## Listed entries
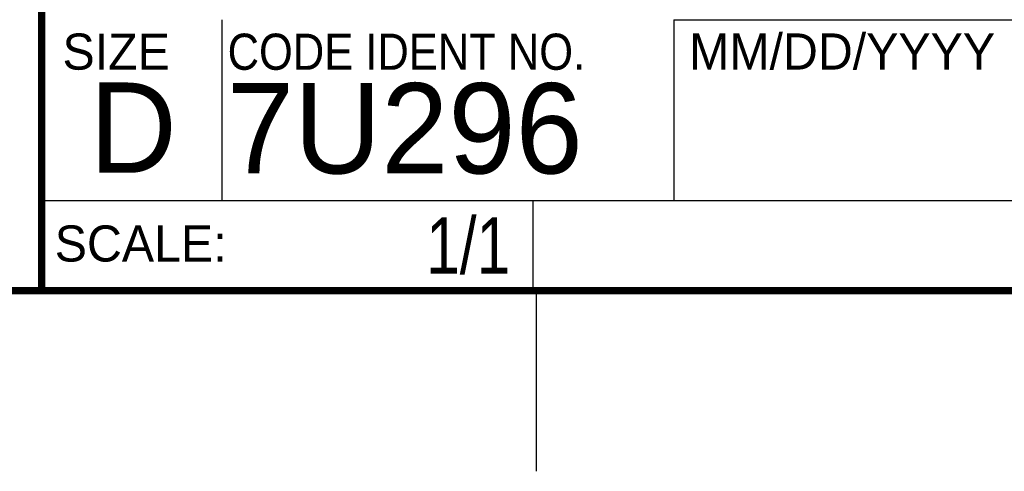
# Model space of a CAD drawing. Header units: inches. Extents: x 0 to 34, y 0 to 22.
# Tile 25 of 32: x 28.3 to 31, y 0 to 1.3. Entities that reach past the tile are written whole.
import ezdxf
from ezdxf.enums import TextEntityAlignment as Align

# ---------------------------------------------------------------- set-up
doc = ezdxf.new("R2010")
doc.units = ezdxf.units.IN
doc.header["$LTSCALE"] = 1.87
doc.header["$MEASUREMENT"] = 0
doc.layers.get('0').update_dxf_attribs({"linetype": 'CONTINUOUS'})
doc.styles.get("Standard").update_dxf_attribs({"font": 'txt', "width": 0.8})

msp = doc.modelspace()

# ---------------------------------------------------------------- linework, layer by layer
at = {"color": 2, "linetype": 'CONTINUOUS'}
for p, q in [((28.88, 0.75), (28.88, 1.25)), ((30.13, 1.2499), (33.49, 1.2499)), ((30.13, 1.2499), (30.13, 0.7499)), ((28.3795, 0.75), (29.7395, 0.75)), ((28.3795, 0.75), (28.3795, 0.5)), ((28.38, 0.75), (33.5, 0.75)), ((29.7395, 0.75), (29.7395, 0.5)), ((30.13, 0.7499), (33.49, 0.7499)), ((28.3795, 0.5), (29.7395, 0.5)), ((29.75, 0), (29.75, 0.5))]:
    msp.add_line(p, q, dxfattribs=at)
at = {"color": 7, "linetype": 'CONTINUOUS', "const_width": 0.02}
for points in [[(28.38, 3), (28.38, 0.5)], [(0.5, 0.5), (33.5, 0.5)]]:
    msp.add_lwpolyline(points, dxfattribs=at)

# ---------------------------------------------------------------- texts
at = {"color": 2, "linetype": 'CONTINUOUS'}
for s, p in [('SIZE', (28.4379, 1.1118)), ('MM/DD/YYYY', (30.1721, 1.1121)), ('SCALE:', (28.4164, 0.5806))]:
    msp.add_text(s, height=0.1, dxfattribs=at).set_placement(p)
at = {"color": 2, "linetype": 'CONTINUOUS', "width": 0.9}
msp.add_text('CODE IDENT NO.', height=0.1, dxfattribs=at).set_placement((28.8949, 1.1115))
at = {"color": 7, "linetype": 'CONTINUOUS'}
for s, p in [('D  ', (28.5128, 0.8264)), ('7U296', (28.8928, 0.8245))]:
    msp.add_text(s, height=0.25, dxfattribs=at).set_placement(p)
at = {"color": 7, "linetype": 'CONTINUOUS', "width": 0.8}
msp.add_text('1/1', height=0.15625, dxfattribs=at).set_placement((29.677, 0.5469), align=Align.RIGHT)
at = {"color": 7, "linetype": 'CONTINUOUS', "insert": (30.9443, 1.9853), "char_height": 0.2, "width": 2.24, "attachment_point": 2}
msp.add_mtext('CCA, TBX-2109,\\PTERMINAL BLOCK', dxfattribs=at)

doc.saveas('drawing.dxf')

==

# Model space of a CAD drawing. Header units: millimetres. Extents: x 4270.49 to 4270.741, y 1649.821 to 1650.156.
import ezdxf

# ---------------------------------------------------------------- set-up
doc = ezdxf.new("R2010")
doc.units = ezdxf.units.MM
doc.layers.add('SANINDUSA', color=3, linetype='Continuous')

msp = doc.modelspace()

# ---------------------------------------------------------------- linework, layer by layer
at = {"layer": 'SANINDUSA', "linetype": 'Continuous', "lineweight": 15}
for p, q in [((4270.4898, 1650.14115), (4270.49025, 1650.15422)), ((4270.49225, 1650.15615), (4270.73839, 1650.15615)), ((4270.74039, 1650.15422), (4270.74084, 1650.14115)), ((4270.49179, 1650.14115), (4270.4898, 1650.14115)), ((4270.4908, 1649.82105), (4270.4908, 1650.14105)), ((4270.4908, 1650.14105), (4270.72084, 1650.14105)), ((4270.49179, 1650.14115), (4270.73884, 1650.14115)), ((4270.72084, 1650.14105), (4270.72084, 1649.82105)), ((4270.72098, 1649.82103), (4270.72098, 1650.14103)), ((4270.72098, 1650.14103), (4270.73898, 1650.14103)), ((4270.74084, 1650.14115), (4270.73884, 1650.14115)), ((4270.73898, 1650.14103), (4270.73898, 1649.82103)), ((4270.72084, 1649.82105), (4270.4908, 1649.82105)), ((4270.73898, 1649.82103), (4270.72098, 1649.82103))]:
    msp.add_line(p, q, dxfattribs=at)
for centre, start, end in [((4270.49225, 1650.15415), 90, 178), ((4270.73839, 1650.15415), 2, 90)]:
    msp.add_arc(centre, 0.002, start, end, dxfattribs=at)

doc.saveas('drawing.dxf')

## Problem requirements
A complete answer lists each line of the data that holds the word "points".

## Response for this exercise
for points in [[(28.38, 3), (28.38, 0.5)], [(0.5, 0.5), (33.5, 0.5)]]:
    msp.add_lwpolyline(points, dxfattribs=at)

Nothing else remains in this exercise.